Dominique was restless in class. He gave his energy without counting, although he was already 60 at the time. (He is 65 now and still performing.) When we were doing the exercises 2 by 2 in a diagonal, he was doing the movements full out with each group, and we were about 30 young dancers in the workshop. By the time each of us had done the routine once, he had done it 15 times without showing any sign of fatigue.
He was singing along with the live musician, making jokes. He was so lively and funny in the studio. When one of us would call him to get an explanation or to ask to show a movement again, he was walking at the person making the sound of an ambulance, like “Rescue is on its way.”
He didn’t even bother eating real lunch, just nibbling a few biscuits.

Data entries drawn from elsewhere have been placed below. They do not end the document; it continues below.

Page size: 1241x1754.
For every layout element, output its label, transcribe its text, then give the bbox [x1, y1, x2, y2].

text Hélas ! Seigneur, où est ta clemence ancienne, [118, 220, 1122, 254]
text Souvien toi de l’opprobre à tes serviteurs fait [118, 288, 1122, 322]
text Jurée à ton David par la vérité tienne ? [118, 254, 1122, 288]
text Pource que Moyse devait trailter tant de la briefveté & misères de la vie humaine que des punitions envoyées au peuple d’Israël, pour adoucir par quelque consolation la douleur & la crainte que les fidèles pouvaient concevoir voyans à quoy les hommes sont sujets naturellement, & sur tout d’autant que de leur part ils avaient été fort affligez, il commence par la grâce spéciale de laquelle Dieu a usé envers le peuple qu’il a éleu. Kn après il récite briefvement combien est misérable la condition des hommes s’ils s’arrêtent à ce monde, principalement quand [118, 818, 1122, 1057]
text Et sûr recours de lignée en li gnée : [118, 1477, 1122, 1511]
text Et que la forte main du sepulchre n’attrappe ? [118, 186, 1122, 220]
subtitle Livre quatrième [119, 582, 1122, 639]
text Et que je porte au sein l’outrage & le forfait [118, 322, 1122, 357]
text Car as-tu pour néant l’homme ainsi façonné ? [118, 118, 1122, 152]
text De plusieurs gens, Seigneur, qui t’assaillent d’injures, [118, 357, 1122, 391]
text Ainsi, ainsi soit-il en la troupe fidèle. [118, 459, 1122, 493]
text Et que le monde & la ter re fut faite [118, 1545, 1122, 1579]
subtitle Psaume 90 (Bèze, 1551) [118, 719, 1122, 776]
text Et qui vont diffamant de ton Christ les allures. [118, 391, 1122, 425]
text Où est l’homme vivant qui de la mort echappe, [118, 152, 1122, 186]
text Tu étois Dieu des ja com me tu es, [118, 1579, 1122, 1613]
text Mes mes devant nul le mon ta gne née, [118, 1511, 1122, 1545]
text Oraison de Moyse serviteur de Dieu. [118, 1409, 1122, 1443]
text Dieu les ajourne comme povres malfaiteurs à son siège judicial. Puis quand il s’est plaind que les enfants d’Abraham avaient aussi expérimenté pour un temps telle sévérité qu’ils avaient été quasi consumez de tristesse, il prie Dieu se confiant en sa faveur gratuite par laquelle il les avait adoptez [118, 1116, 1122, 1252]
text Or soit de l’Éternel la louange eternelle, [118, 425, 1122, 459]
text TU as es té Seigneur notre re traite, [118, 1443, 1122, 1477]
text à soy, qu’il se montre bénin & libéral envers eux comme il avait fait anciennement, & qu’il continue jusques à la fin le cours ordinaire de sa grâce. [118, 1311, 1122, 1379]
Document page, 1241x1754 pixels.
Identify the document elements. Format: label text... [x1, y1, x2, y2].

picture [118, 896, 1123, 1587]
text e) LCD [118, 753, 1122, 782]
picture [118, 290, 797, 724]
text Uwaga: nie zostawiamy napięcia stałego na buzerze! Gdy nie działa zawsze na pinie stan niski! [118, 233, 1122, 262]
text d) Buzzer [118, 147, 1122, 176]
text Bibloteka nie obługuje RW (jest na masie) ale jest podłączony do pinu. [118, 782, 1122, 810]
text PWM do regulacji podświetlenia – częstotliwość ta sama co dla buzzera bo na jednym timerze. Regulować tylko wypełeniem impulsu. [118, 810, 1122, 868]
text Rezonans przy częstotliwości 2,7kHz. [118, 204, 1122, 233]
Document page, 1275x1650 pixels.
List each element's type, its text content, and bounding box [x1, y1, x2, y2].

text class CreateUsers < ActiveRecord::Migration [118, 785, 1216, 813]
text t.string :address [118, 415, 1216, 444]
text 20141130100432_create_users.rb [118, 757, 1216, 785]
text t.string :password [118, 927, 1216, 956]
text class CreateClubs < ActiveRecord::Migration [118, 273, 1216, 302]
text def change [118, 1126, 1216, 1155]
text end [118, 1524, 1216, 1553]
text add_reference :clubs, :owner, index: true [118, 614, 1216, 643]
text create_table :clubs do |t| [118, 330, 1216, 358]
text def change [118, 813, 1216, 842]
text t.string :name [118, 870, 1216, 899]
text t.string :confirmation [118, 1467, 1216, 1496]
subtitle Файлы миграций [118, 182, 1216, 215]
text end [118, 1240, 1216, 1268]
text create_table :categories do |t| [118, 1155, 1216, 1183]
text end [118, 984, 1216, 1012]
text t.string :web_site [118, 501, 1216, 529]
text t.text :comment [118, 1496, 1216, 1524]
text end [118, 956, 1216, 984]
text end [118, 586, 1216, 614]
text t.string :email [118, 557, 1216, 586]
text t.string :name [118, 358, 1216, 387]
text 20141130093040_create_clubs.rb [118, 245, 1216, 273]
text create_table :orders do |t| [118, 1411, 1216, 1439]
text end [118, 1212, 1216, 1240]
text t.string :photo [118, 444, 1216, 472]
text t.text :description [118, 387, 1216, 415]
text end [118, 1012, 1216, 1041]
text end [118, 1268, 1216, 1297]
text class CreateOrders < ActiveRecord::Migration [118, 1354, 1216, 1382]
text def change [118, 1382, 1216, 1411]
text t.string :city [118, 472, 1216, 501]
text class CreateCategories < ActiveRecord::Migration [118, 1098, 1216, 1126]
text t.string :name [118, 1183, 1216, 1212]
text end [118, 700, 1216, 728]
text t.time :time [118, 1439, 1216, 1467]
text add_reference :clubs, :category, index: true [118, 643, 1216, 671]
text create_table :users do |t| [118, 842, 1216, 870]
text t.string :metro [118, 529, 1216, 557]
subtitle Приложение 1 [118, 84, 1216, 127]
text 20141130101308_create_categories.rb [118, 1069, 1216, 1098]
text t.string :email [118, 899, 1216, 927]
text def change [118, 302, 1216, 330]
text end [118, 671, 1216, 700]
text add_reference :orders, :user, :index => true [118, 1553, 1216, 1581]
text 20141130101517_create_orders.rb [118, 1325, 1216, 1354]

Dance really seemed to feed him.
After the break, we were learning an excerpt from the répertoire of Pina Bausch until the end of the day.
Dominique was teaching us a variation from Masurca Fogo, a piece by Pina Bausch inspired by Lisbon. There is a movement at some point where we put our closed fist on our forehead. Dominique showed us the exact position of the hand. He then moved his fist a few centimetres up and said: “If you put your hand there, it conveys a different message.” He went back and forth between the two positions to let us appreciate the difference of meaning. Pure genius pedagogy.
Dancing with Dominique for a week equalled ten years of regular training.
What is striking about his teaching is that absolutely everything makes sense, just like a choreography by Pina Bausch. The roots and reasons behind every single prop or gesture are thought of just like in the science of our dreams.
The body and the psyche are coordinated together so that the spectator can actually relate to it. It resonates with everyone, because it has been thought of over and over again until it is charged with signification. There is nothing random or abstract about the language of Pina Bausch, that’s why her success as a choreographer was so huge across cultures and millions of people could identify to her dance-theatre. That dance language is so clever.
It was moving to observe Dominique from so close, to watch his legendary arms. He was filling the space in an impressive manner. His resemblance with Pina Bausch only stroke me in the studio. I hadn’t realised by seeing him on stage how much these two looked like dance twins. No wonder they found and recognised each other instantly.
The last day of the workshop, the rehearsal was opened to the public. Some people of the press were there alongside some anonymous lovers of Pina Bausch. It wasn’t a formal show but an intense and captivating work session like we had been doing the whole week.
I wanted to go and talk to Dominique at the end of the performance, saying I don’t know exactly what, asking how I could get involved with the company, something along those lines. But I didn’t. I didn’t see the point after all. I wasn’t sure of myself. I lacked courage.
Instead, at the end of the show and of this magical dance week, I got introduced by a friend to the girl who was going to become my girlfriend. She had just arrived in Paris for a few days. “Congratulations!” she said as she kissed my red and sweaty cheeks. A new chapter of my life instantly opened as the last one was barely closed.
Fate and its mysterious timings.
The pictures of the workshop are the property of Patrick Berger, photographer. I am the little blonde dancer at the far right on the last picture, in the purple tights.